Lake Powell is one of my favorite places on earth. It always has been and always will be. I hadn't been out there for a couple years and it felt so good to return. So many memories from childhood and my teens. A friend of ours has a time share on a Houseboat so my wife and I and 7 other couples (no kids) went down for a week. It was one of the first real vacations we've had without our little guy and it was nice. Non-stop fishing, skiing, wakeboarding, wakeskating, wakesurfing, cliff jumping, boating and living it up. I know it may be a bit of an oxymoron, but I'm an avid fisherman who also loves watersports.










I ended hooking up with 7 species for the trip (Large and Small Mouth, Sunfish, Striper, Channel Cat, Walleye, and Carp). The majority of our fishing was done from my friend's boat, however we also did quite a bit from off the back of the Houseboat and did pretty well for Smallies at early morning and dusk and Cats in the evening. I also brought my float tube and while we we're out doing watersports during the heat of the day I made sure to keep my eyes peeled and re-conned for good spots. Later, I would have a buddy pull me out in my float tube behind a wave runner so I could try some spots. They would drop me off for an hour or two and come back to drag me in later. It was a pretty good system and worked great.













































































































For those who are curious here is what I was using.....

-Large and Small Mouth- Soft plastics rigged on shakey head jigs and crank baits.

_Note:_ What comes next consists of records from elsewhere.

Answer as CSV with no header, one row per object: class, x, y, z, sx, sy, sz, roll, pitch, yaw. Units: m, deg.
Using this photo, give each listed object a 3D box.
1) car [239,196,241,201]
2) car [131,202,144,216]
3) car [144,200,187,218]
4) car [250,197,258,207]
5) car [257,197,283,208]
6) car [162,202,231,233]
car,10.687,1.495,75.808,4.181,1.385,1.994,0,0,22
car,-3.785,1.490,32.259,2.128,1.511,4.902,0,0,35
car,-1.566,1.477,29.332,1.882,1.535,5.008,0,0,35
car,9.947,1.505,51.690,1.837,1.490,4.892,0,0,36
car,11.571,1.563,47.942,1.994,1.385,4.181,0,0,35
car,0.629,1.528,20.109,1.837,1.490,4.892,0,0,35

Caught in 10-15 feet of water.
-Sunfish- Soft plastics 
-Stripers- Rapala Tail Dancer, Rattle Traps, and Anchovies. Caught in 20-45 feet of water caught just off a sheer rock cliff. We only spotted 1 boil the entire trip.
-Channel Cat- Left over steaks
-Carp- Left over steaks
-Walleye- Crank bait










Playing a game of 500









Checking out some Anazasi ruins 



























It was an epic trip and an amazing way to close out the summer.


----------



## Riverrat77 (Sep 7, 2007)

Awesome man... looks like a fantastic time!!


----------



## dartangion (Jul 2, 2008)

Nice man! Stripers are sure some tasty fish.


----------



## Nor-tah (Dec 16, 2007)

Awesome! Greatest place ever. I got back Wednesday. Where did you guys camp?


----------



## Tigru (Oct 15, 2007)

Cool. We were in Halls Creek Bay. You? Were you able to get out and do any fishing?


----------



## Tigru (Oct 15, 2007)

I'm going to St. George this weekend. I hoping to hit either SH, Quail or both so I should have another warm water report sometime soon.


----------



## Nor-tah (Dec 16, 2007)

Sweet, the north end of the lake has been producing better than the south end this year. Especially for stripers. We were in Padre Bay near Gunsight butte. I caught 42 and 6 species but with a two month old I didnt fish like I normaly do. Ive decided not to post reports here anymore but you can check out my blog if you want. You sure have been putting the hurt on the bass this year. Nice work again man.


----------



## Tigru (Oct 15, 2007)

Beautiful area for sure. I've only been down to the South end twice. I'm partial to the north end myself. Did you launch from Dangling Rope or Wahweep? What 6 did you pull in? Anything with size?


----------



## sawsman (Sep 13, 2007)

Good job Tig... looks like a fun trip.



Nor-tah said:


> Ive decided not to post reports here anymore...


 

There's always the Confidential Section you know..


----------



## Nor-tah (Dec 16, 2007)

I got Walleye, SM, Carp, Channels, Bluegill, Crapie. We are actually out of Antelope Point Marina. The tribe really knows how to run things. We ate brick oven pizza at the floating restaurant, had a few guys dock and clean the houseboat, not to mention the cart rides to and from your vehicle. They do an awesome job!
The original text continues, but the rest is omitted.